Der zweite Satz, ein mit «Moderato» überschriebenes lyrisches Scherzo, schlägt melancholische Töne an und soll nach Schostakowitschs Programm in glückliche Zeiten zurückhorchen. Auch hier ist jedoch trotz Tanz-Anklängen Skepsis angesagt: Durch Motive ist der Satz mit dem kriegerischen ersten verknüpft, und das brachiale Trio erinnert an die grotesken Ländler aus Gustav Mahlers Sinfonik – eine ungetrübte Idylle klingt anders.
Der dritte Satz, von Schostakowitsch als «pathetisches Adagio» bezeichnet, stellt zuerst streicher- und orgelartig wirkende Bläserpassagen einander gegenüber, die von einem aufgewühlten marschartigen Mittelteil mit grotesken Zügen abgelöst werden. Das Adagio leitet direkt ins Finale über, das mit einer verzerrten Version des «Requiem-Themas» aus dem ersten Satz beginnt. Erst gegen Ende des Werks verdrängt ein wenig triumphales C-Dur das vorherrschende c-Moll. Das Hauptthema des ersten Satzes beschliesst die Sinfonie, nun in H-Dur – ein Schluss, den schon Schostakowitschs Freunde als eher halbherziges Zugeständnis an den staatlich verordneten Optimismus verstanden.

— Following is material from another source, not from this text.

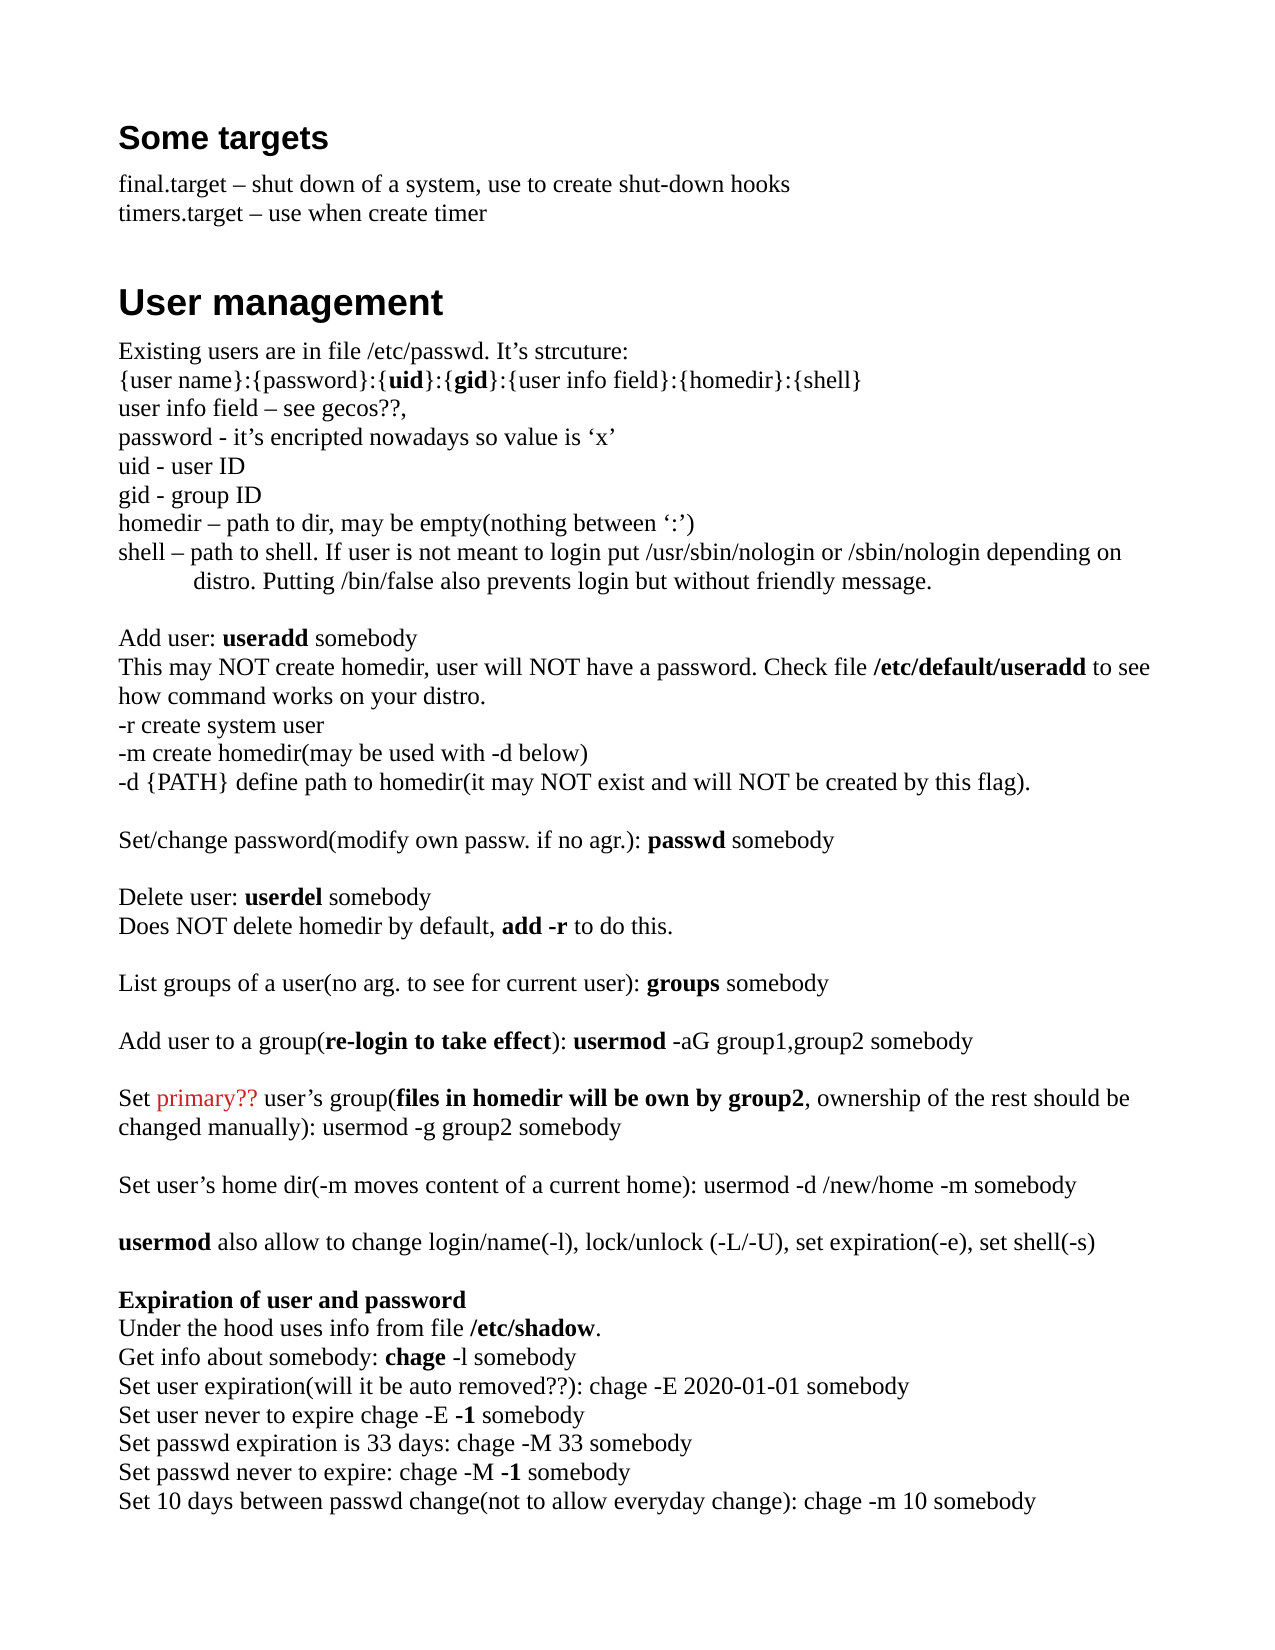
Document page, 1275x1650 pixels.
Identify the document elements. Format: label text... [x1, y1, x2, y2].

Mit diesem Werk machte sich Schostakowitsch zu einem nationalen Helden. Die Uraufführung, die am 5. März 1942 stattfand, wurde in die gesamte Sowjetunion ausgestrahlt. Bereits am 19. Juli dirigierte Arturo Toscanini das Werk aus Solidarität mit dem Kriegsverbündeten in New York, und das «Time Magazine» setzte ein Bildnis Schostakowitschs auf ein Titelblatt. In der Saison 1942/43 erklang die Sinfonie allein in den USA 62-mal. Am 9. August wurde sie in Leningrad zum ersten Mal aus der auf Mikrofilm eingeflogenen Partitur von einem dezimierten Orchester aufgeführt. Die umstrittenen Memoiren Schostakowitschs, die sein Freund Salomon Wolkow nach dessen Tod herausgegeben (manche sagen: «erfunden») hat, stellt eine andere Deutung der Sinfonie ins Zentrum: Mit ihr habe der Komponist in erster Linie Stalins Terror angeprangert, da dieser das alte Leningrad durch den von ihm angeordneten Terror bereits vor der deutschen Invasion vernichtet habe.